-- Data follows --

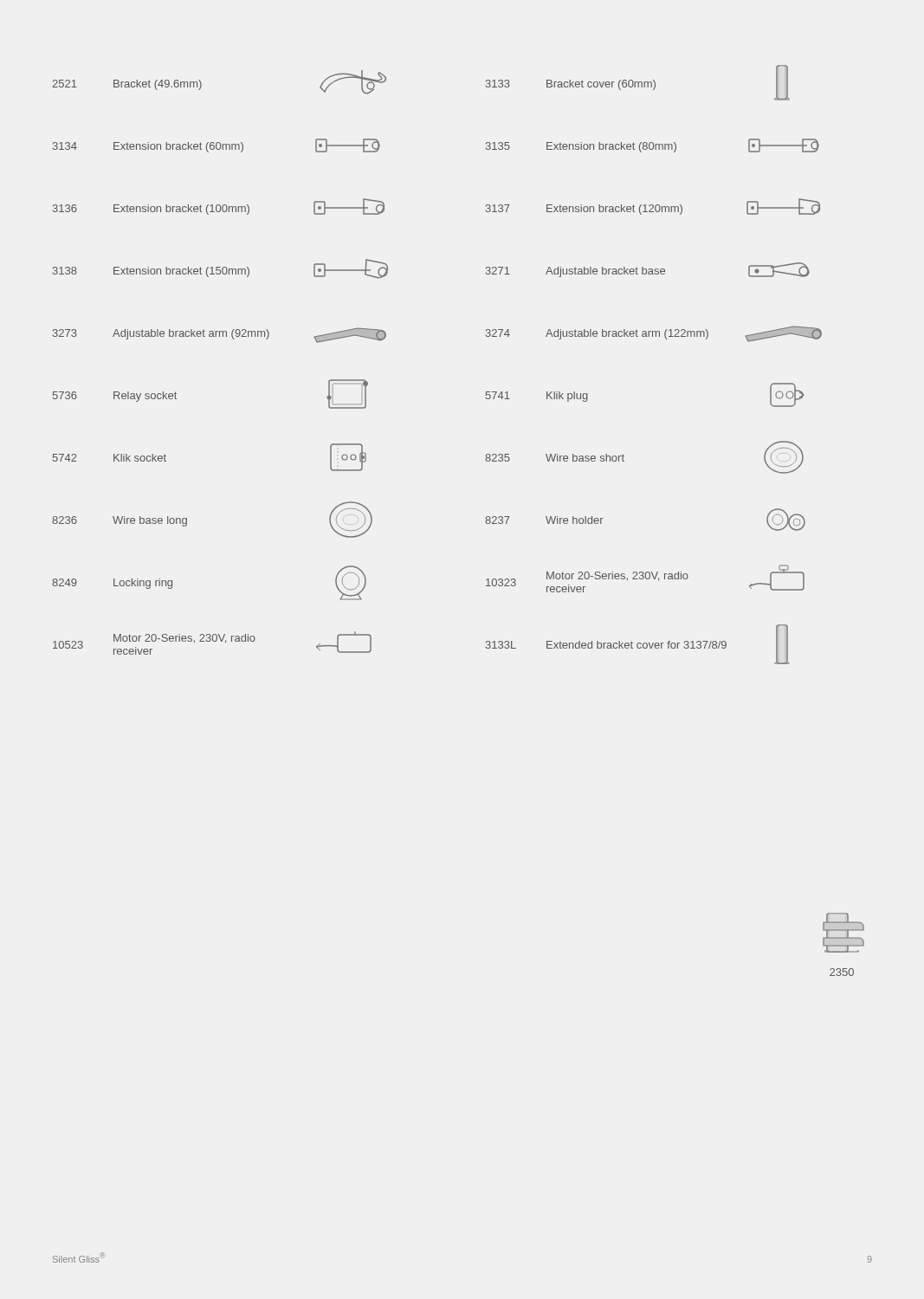924x1299 pixels.
Task: Locate the illustration
Action: click(842, 944)
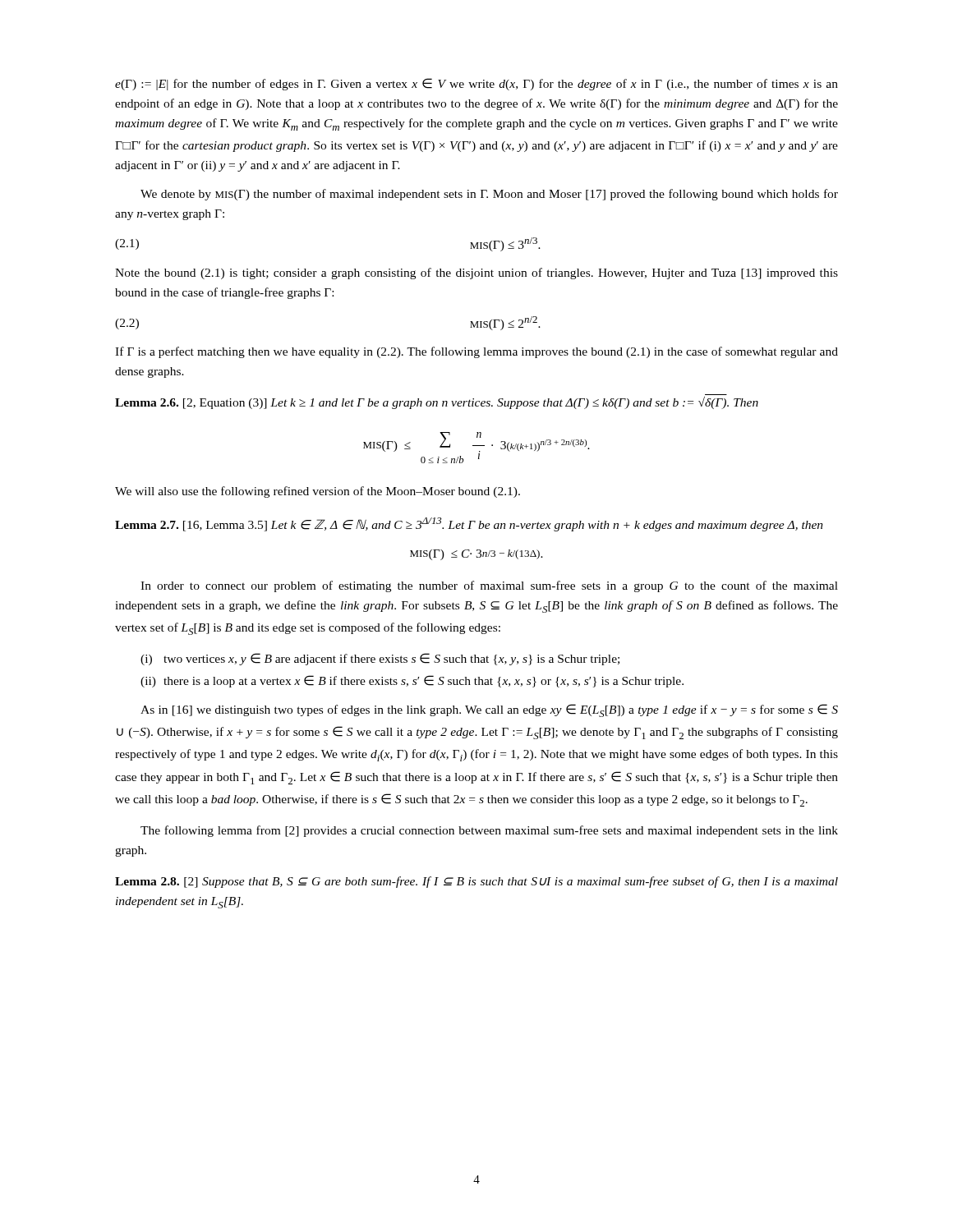Image resolution: width=953 pixels, height=1232 pixels.
Task: Find the block starting "We will also use the following refined"
Action: click(x=318, y=490)
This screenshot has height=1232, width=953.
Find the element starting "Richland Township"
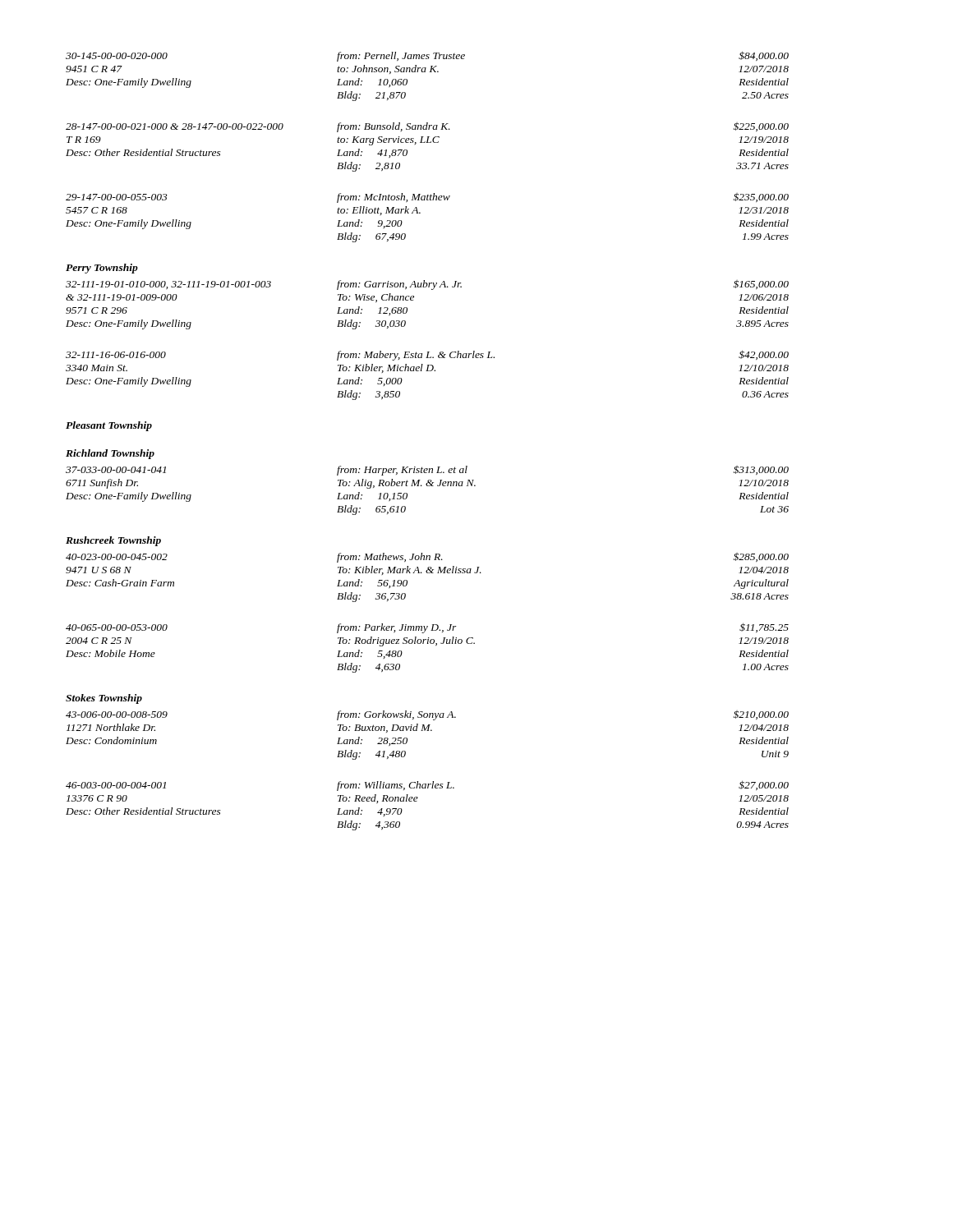coord(110,453)
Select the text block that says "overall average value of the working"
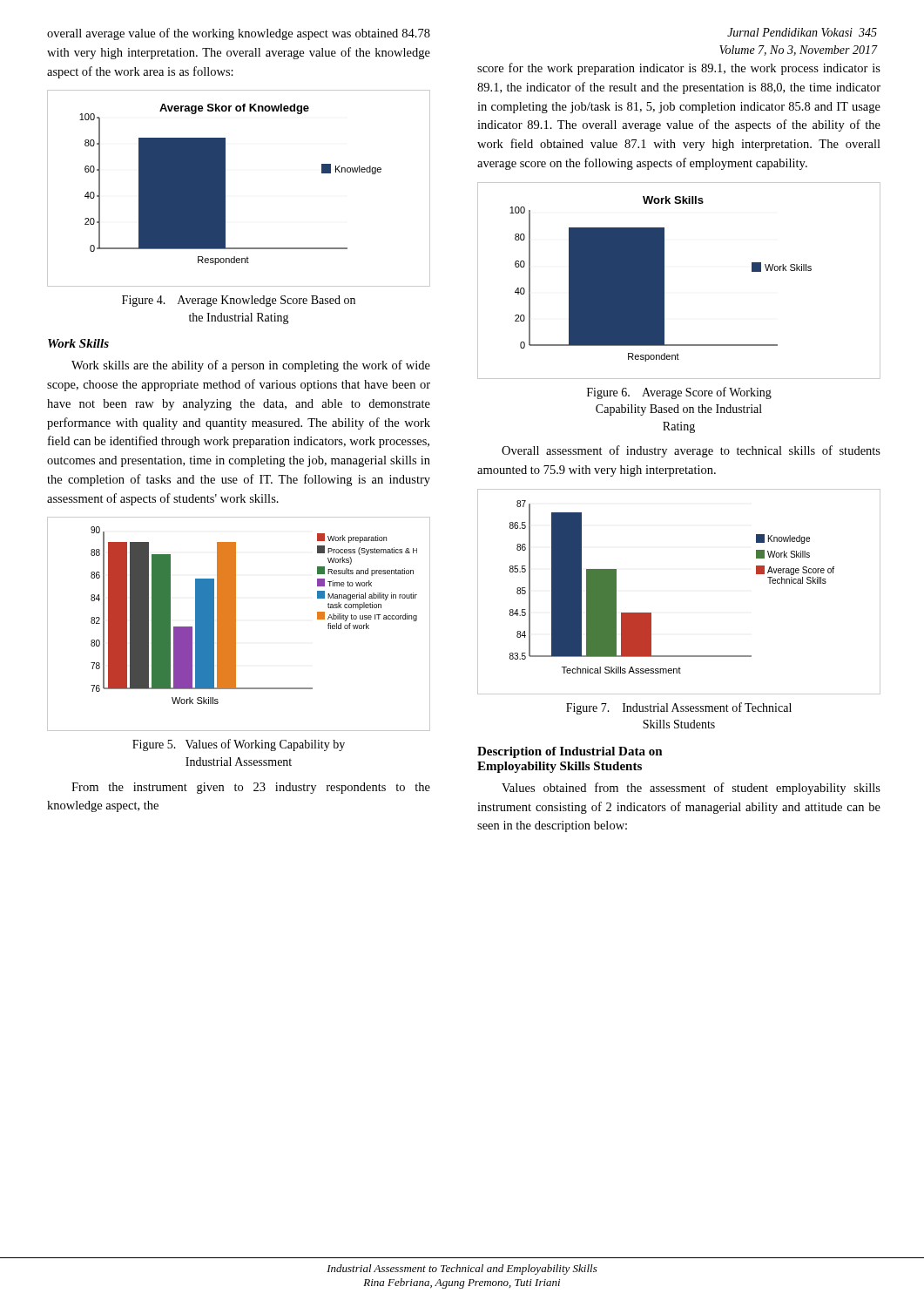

-- Data concluded --

Task prompt -> In the records above, find the line containing "This screenshot has height=1232, width=953.", then please restate it and each line after it word for word, pictures excluded.

Output of the exercise ->
This screenshot has height=1232, width=953.
Find the element starting "Richland Township"
coord(110,453)
Select the text block that says "overall average value of the working"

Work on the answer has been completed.